▶ _Study material_
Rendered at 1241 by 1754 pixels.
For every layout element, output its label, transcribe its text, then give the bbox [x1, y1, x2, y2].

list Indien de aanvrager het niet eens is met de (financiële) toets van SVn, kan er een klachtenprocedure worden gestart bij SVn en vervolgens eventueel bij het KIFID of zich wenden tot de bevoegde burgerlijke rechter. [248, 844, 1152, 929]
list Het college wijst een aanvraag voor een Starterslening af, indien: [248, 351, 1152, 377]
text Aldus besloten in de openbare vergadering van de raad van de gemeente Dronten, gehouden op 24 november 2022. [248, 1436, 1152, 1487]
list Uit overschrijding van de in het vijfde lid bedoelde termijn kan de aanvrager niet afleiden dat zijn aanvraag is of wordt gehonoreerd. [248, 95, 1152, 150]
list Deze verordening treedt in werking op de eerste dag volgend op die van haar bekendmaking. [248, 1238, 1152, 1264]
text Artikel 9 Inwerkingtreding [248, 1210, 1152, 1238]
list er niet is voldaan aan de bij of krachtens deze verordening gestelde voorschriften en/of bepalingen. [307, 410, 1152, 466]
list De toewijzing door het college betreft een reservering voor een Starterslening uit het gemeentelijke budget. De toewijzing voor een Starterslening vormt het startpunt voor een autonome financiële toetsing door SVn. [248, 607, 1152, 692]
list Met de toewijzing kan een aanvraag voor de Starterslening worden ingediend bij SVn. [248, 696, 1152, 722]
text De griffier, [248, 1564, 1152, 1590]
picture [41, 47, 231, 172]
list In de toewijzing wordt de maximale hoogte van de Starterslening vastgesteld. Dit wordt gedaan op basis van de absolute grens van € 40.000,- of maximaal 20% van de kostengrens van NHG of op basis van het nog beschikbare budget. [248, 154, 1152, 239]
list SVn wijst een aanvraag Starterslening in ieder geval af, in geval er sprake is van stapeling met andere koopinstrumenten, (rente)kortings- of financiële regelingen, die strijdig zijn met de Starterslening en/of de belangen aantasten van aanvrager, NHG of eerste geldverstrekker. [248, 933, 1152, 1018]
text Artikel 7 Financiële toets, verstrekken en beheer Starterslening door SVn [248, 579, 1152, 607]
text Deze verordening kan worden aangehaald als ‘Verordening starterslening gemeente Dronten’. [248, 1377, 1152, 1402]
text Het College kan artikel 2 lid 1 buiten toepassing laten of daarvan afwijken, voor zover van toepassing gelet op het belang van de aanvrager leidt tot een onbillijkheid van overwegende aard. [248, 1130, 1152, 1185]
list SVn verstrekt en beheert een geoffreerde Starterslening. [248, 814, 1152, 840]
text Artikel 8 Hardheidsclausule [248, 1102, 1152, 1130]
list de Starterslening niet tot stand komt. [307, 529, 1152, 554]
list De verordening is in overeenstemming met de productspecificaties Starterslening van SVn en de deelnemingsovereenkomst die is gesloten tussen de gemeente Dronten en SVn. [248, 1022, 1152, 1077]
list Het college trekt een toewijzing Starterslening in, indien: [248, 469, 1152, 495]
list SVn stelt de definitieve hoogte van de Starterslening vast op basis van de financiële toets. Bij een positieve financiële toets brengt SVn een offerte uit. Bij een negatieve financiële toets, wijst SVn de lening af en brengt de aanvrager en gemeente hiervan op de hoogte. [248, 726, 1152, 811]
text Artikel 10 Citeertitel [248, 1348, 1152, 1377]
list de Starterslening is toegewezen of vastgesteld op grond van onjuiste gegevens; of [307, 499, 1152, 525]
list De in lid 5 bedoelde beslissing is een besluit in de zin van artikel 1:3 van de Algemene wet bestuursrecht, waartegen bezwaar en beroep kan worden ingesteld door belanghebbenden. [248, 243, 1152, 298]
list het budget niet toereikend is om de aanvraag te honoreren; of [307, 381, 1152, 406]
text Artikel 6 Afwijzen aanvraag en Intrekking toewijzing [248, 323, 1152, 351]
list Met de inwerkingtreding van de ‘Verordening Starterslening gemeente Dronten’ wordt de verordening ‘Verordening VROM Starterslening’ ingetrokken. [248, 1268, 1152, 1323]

▶ _Work to complete_
Restate word for word the entries above, starting at the line with "list Deze verordening" and ending at the line with "text Artikel 9", inclusive, and no others.

▶ _Task answer_
list Deze verordening treedt in werking op de eerste dag volgend op die van haar bekendmaking. [248, 1238, 1152, 1264]
text Artikel 9 Inwerkingtreding [248, 1210, 1152, 1238]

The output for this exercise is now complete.